If the need is for real experience … remember that simulation is not real.

FullWings 19th Dec 2021 08:38


I mean two, four hours sessions twice a year and what can one say they have really learnt? Or practised to perfection?
That is a significant part of the problem. Even conversion courses, where you’d think you’d get more of a chance to practice, have been reduced to the bare minimum. There are so many boxes to tick on the official form that this need starts taking over from structured learning; if you need a night landing, a single engine circuit, a hydraulic problem and a visual approach, the trend is to do them all in one, just to expedite the process. Get the paperwork sorted, then they can learn about the aircraft on the line, seems to be the unsaid objective.

I would like to see more time allocated to “free form” training/practice, as often the mandatories and pre-programmed exercises take up most of the detail. Being told there are 10mins left and asked if you’d like to do something at the end of a concentrated session often gets the reply: “yes, go home”, which is fair if the last 3hrs and 50mins have been chock full of action and there is little capacity left for learning. There is also the issue of when is anything you do in the sim non-jeopardy?

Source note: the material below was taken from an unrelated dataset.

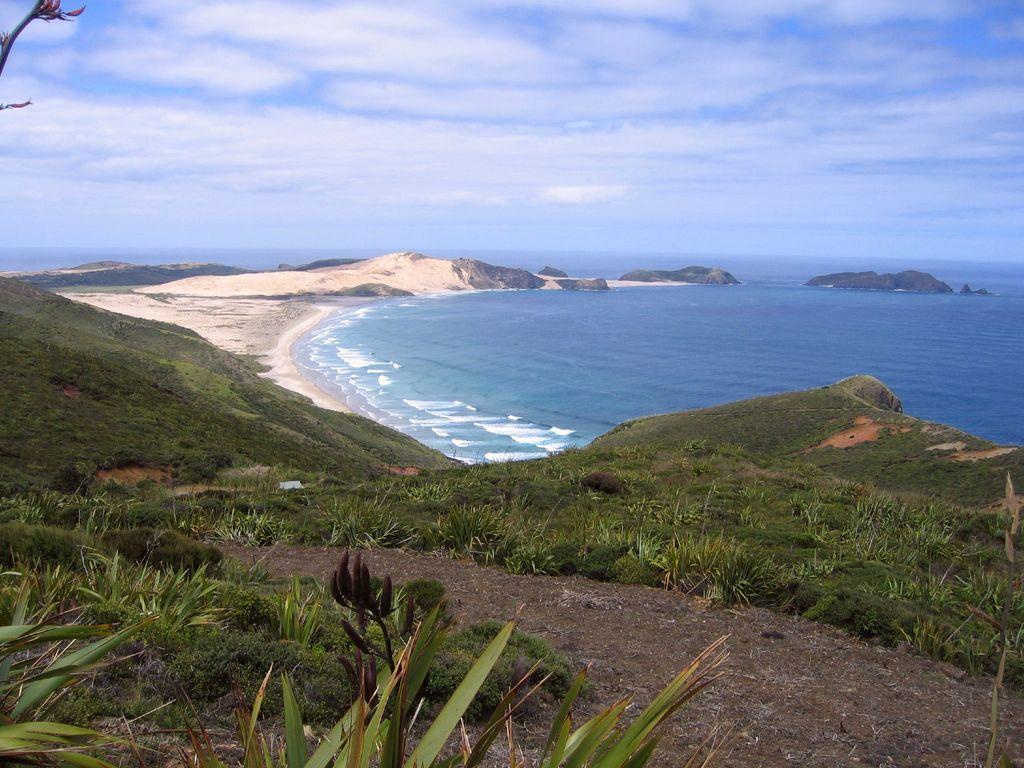How would you summarize this image in a sentence or two? In this image in the center there is a beach and at the bottom there are some plants grass and sand, in the background there are some mountains. On the top of the image there is sky.

BoeingDriver99 20th Dec 2021 03:13

I always take advantage of a few spare minutes at the end of any session but make clear with the examiner/instructor that a) the session as required is over and b) this is now free flight. If (and no-one ever has) say it's still monitored then I'd pass and think very poorly of such an attitude.

I think the issue with the sim/'training' is that the point is now ticking boxes and filling in forms and getting back on the line. The point is not to actually train or learn anything despite what training departments might pretend to be is the case. For example if you learned a lot but didn't have time to complete every manoeuvre outlined in the profile you would come out of it a better pilot but you would have failed to complete the task according to the regulator/training dept. However if you bashed through the items, passed everything with no learning whatsoever then you'd be the same pilot as before but have successfully completed your LPC/OPC. A bit of cart before the horse methinks.

It's a shame because it's all a very expensive and time-consuming process for everyone involved.